The points in each pillar are enhanced with r, xc, yc, zc, xp and yp, where r is the reflectivity, the c subscript indicates the distance to the arithmetic mean of all points in the pillar, and the p subscript indicates the distance from the pillar The x,y offset of the center.

Now, the enhanced lidar point l ^ \hat{l}l^ has dimension D=9.
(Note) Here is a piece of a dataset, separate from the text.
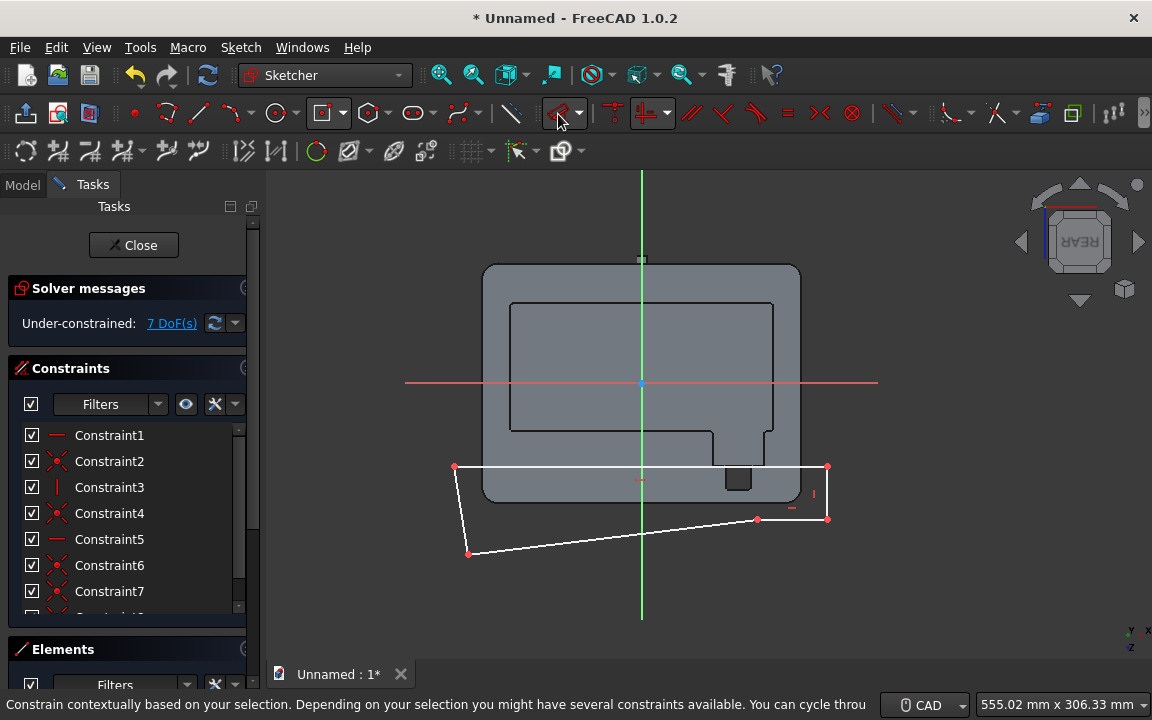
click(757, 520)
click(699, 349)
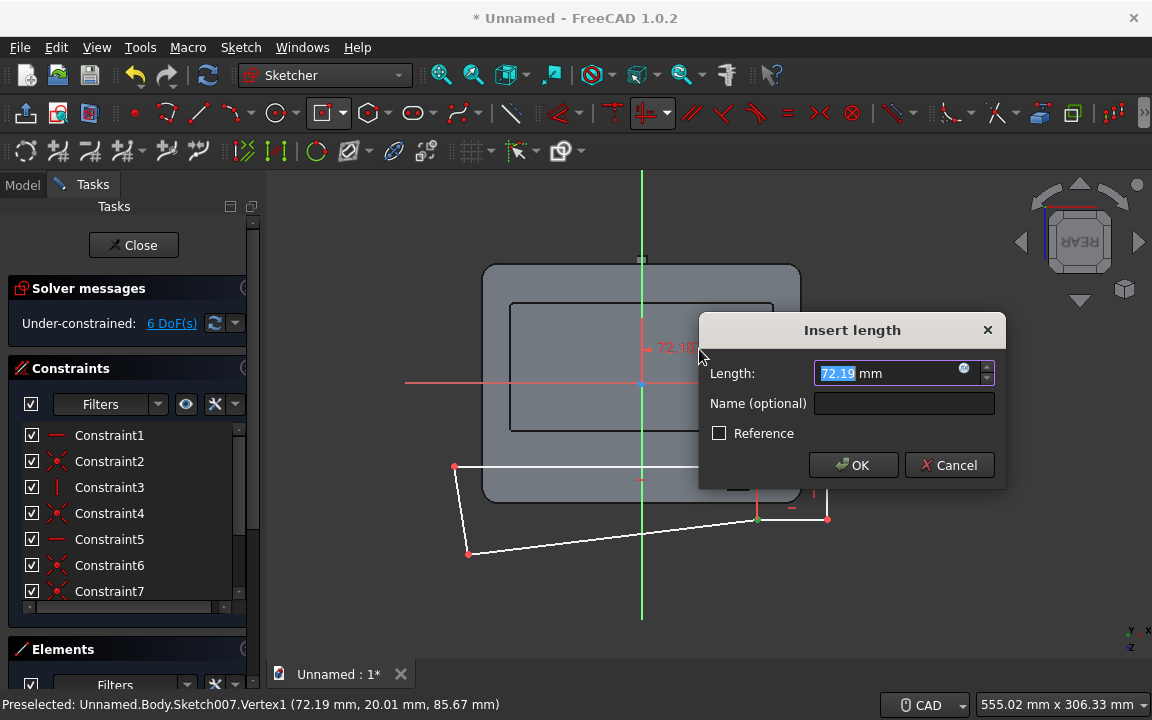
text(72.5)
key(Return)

Although we focus on LiDAR point clouds, other point clouds such as radar or RGB-D, can use PointPillars by changing the way each point is augmented.

[section]

Due to the sparsity of the point cloud, the set of pillars will be mostly empty, while non-empty pillars will generally have few points in them.

For example, using a 0.16*0.16 square meter box in KITTI from an HDL-64E Velodyne lidar, the point cloud has 6k-9k non-empty columns, and a sparsity of about 97% is typically used in the range.

To exploit this sparsity, impose limits on the number of non-empty bins§ per sample and the number of points per bin (N), creating a dense tensor of size (D, P, N).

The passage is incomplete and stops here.